▶ [WHAT IS NEEDED]:
The entries below are to be given back exactly, with images excluded.
------ PROVIDED RECORDS
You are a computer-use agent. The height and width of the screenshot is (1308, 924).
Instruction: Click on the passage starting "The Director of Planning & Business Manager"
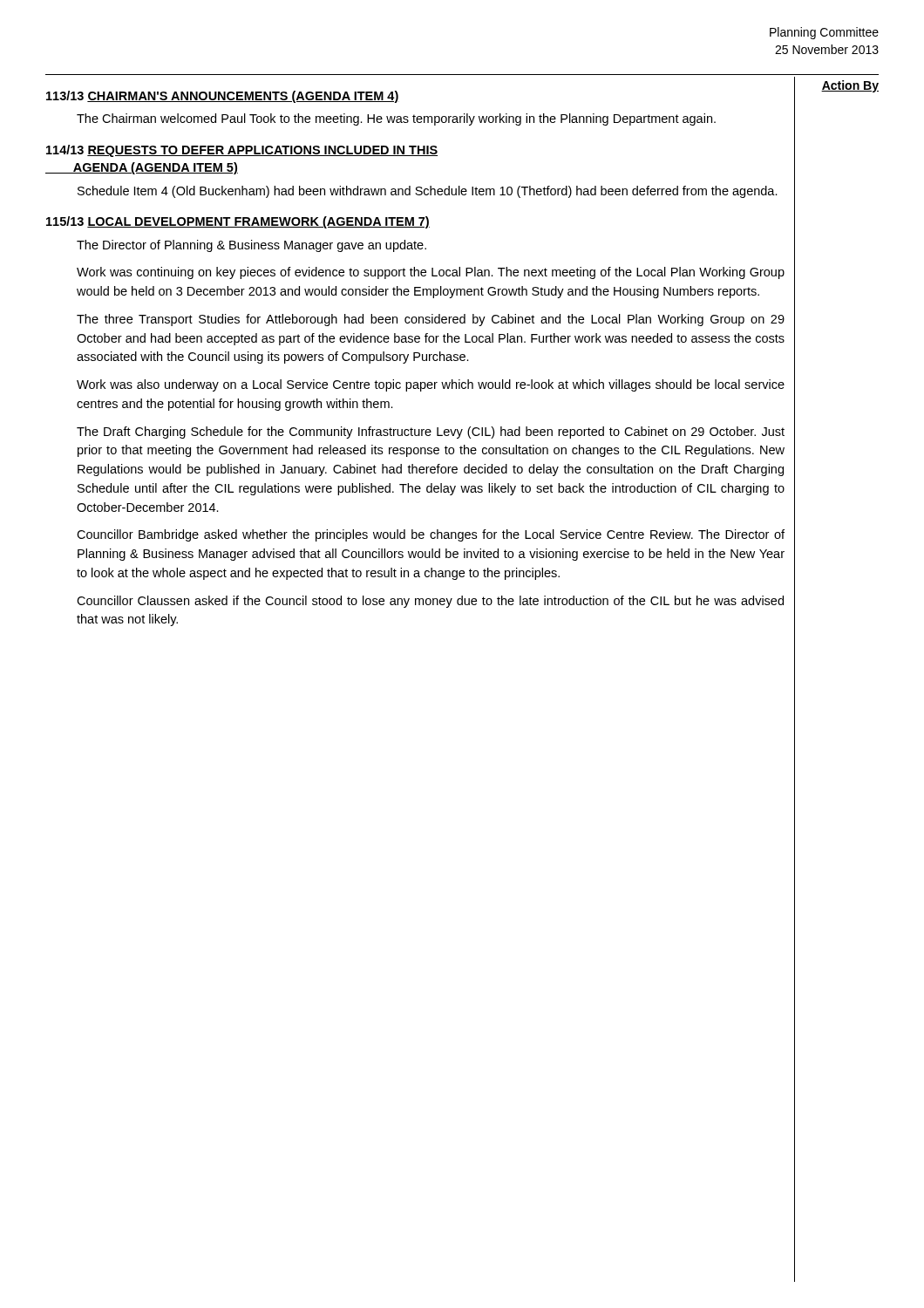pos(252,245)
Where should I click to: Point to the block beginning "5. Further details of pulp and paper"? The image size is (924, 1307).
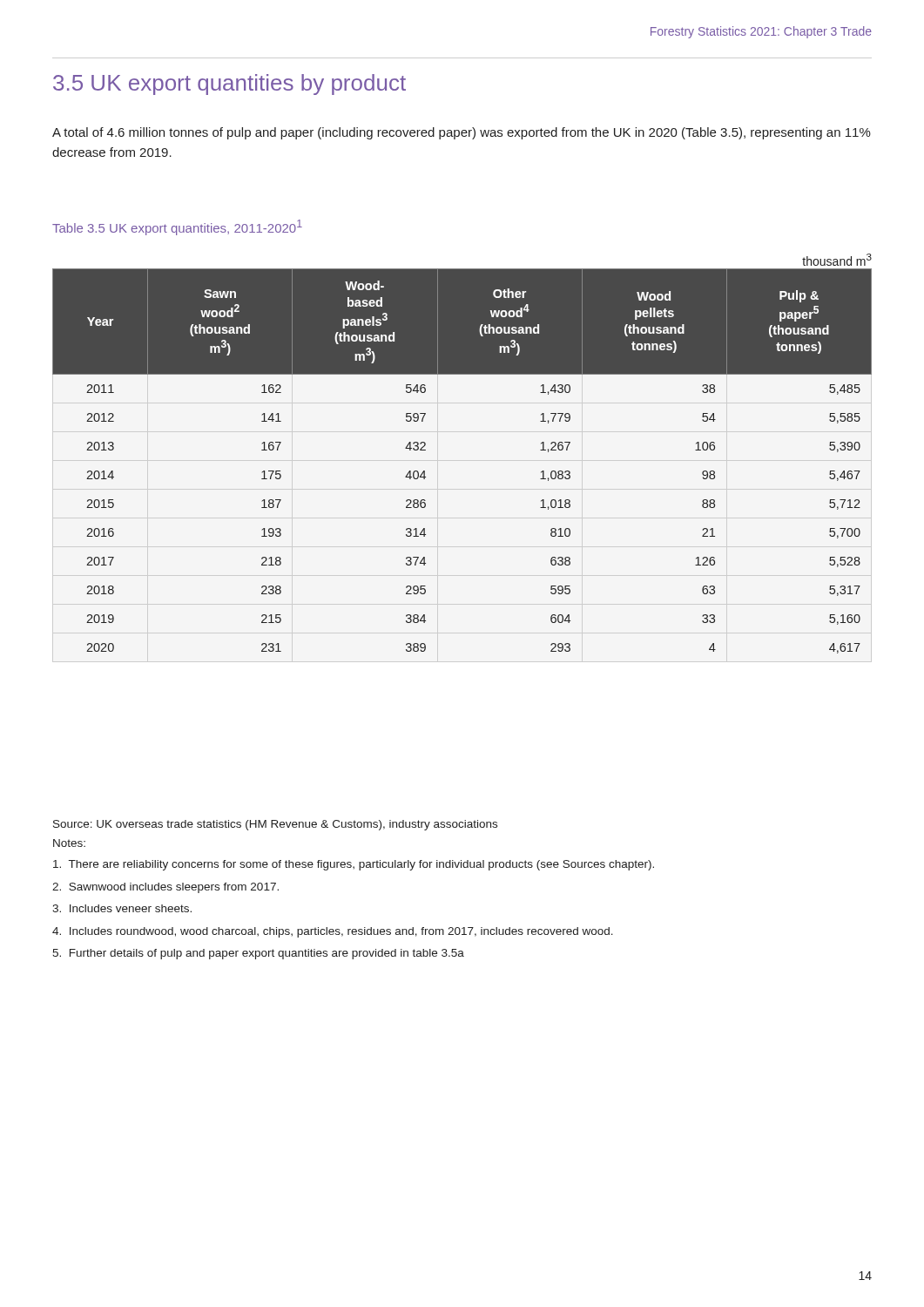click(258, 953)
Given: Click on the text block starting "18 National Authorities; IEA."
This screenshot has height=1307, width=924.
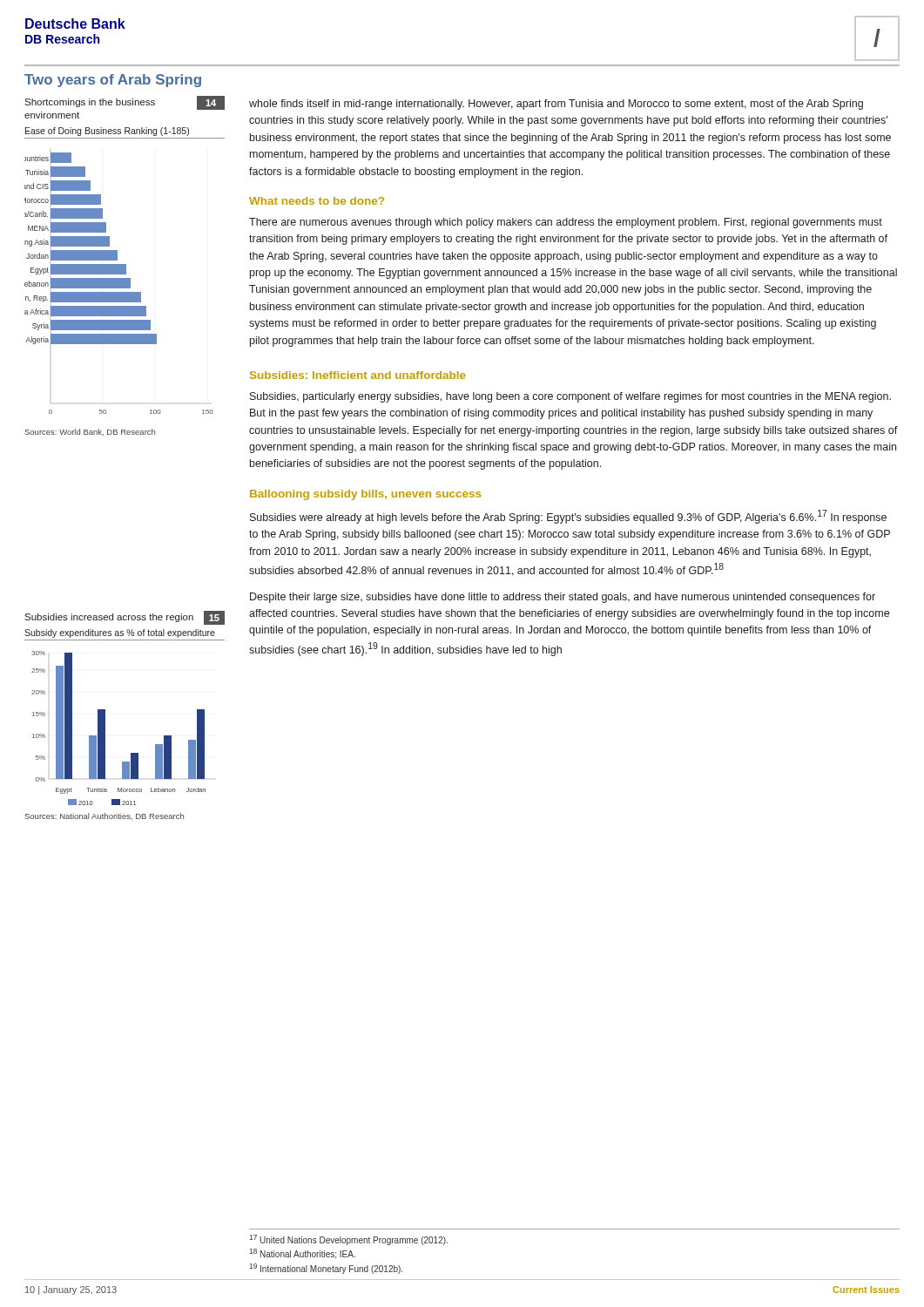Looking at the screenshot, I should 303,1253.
------------
▶ [RESULT OF THE EXERCISE]:
You are a computer-use agent. The height and width of the screenshot is (1308, 924).
Instruction: Click on the passage starting "The Director of Planning & Business Manager"
pos(252,245)
Where should I click to: Point to the block beginning "5. Further details of pulp and paper"? The image size is (924, 1307).
click(258, 953)
Given: Click on the text block starting "18 National Authorities; IEA."
This screenshot has height=1307, width=924.
Looking at the screenshot, I should 303,1253.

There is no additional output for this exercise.